Letters To The Deaditor:
Well, we've been inudated with your email from all over the world since G&C Magazine went to press. I think we saw the letter s WTF a thousand times. We also got hundreds of photos from young lovlies you wanted to be our next corpse cover girl. So keep those comments and photos coming!

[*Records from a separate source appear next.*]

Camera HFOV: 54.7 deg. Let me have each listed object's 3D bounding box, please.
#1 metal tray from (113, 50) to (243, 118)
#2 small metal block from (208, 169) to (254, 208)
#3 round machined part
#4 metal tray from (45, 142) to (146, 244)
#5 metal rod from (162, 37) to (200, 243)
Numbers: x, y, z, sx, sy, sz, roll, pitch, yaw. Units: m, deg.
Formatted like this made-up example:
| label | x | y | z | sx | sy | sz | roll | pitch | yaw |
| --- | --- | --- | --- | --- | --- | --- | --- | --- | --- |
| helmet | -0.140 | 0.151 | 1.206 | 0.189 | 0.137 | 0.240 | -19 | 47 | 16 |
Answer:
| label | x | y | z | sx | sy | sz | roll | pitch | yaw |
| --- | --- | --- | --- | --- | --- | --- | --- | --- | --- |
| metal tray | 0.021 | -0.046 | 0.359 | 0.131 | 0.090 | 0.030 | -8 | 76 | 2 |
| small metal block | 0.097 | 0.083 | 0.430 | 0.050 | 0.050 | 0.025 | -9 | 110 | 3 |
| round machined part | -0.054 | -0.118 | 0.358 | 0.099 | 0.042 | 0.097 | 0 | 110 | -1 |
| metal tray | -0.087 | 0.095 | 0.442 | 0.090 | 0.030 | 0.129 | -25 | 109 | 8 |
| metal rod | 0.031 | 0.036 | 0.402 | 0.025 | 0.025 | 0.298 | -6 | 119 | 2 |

Here's what you are saying about G&C Magazine:
“Hey Corpsy, I've been wanting for some time to let you know how much I enjoy your mag. The articles are 1st rate, the ads are precious, the pix are works of art. As a fan of all that is horror, your mag has broken new ground. I recently bought the current issue. Its GREAT!!!! I love the concept of reviving posthumous executions...maybe there will be an online revival...one can only hope. Humor and Horror hand in hand, just like it should be. In the meantime keep up the great job. I feel your place in the wonderful world of all that is horror related is solid. “
Susan Ruiz, Zombie Hunter.
“I was just on the toilet re-reading the Mistress Malice issue and was again laughing at Dick Starr's Celebrity Death Poll. It reminds me of the demented humor Dave Berg had in MAD...heheh. The Dave Berg strip that sticks with me to this day is one of a guy looking at himself in the bathroom mirror. He is plucking hairs from various places on his body. He spies a stray mutant hair sprouting from his shoulder and plucks it. His arm falls off. Hilarity ensues...hahaaa! Yep- I always loved Dave Berg and thinking of that particular strip still makes me laugh. For some reason Dick Starr's work reminds me of Berg. How'd you hook up with that guy? He's great!”
Tricia
Just wanted to thank you for the Calender. Not only is it a great product, but I ordered it on Friday and received it the following Monday. Super fast shipping! Awesome. Thanks again, G+C!
Dean
“Omg I've never seen something this fucked up + its hilarious!!! LOVE IT!”
Hugo
Oh my god!! I didn’t think anything could top Bizzare!… So happily proved wrong!
Mikayla
“I totally dig the mag! It might actually be the first magazine that I actually read from cover to cover...lol. That was definitely the case with the first two issues). I'm looking forward to the wealth of reading material. I did read the first few stories of the graphic novel and am enjoying that as well. Kinda reminds me of the old EC stuff! Oh, and I did read that online comic and that was hilarious! G&C is pretty much my favorite mag these days! Kinda combines my other two faves; Playboy and Fangoria!”
Jeff
“Corpsy you're a legend - best delivery ever!!!”
Xxxxxxx Kimi
“YA'LL ARE FREAKIN AWESOME!!!”
Bryan
“I'm a huge fan of your magazine, and just wanted to take the time to say thank your for existing and to all your graphic designers, contributors, editors and all your staff on their diligent and driven work put into each months volume. Thanks again for all your hard work and determination each month.”
Alex
I was injured for a second time in Iraq and to keep myself busy while at home healing. LOL, pretty good shit! Any how I have a couple of your issues with Sig Haig and Sherri Moon Zombie and I just purchases from Ebay Volume 1 2007 and Volume 2 spring 2007 and these books rock, Anyhow, keep the magazines coming and thanks, You guys are truly Dark,lol.
DAVID SFC, USA
10th Special Forces Weapons Sergeant (ODA 084).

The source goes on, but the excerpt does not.